• _Exercise_:
If a line in the data holds the string "roll", list it.

======== Data to process

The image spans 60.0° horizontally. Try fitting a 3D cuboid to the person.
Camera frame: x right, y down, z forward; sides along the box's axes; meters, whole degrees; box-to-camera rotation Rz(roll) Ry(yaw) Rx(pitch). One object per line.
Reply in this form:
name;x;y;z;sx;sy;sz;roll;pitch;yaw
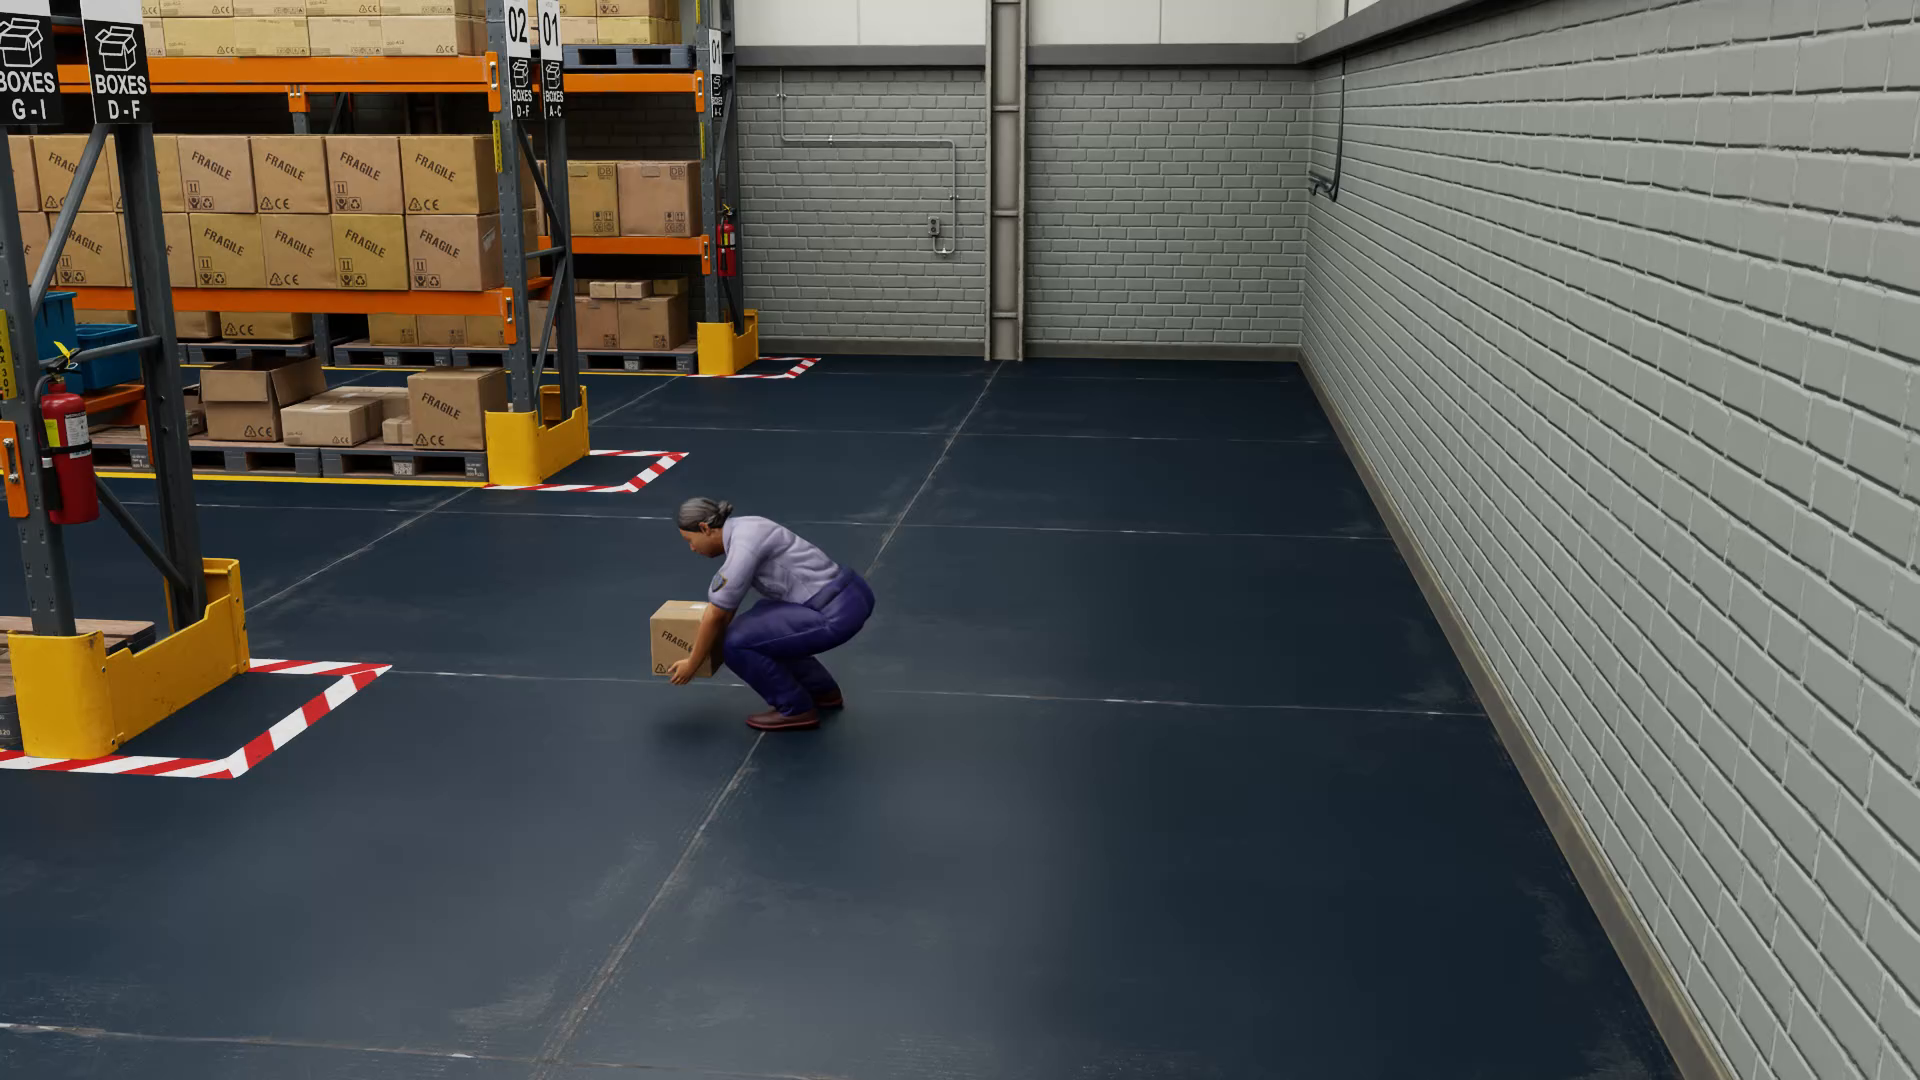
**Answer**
person;-0.777;0.283;6.848;0.829;0.953;0.526;2;14;6

================

• _Exercise solution_:
Camera frame: x right, y down, z forward; sides along the box's axes; meters, whole degrees; box-to-camera rotation Rz(roll) Ry(yaw) Rx(pitch). One object per line.
name;x;y;z;sx;sy;sz;roll;pitch;yaw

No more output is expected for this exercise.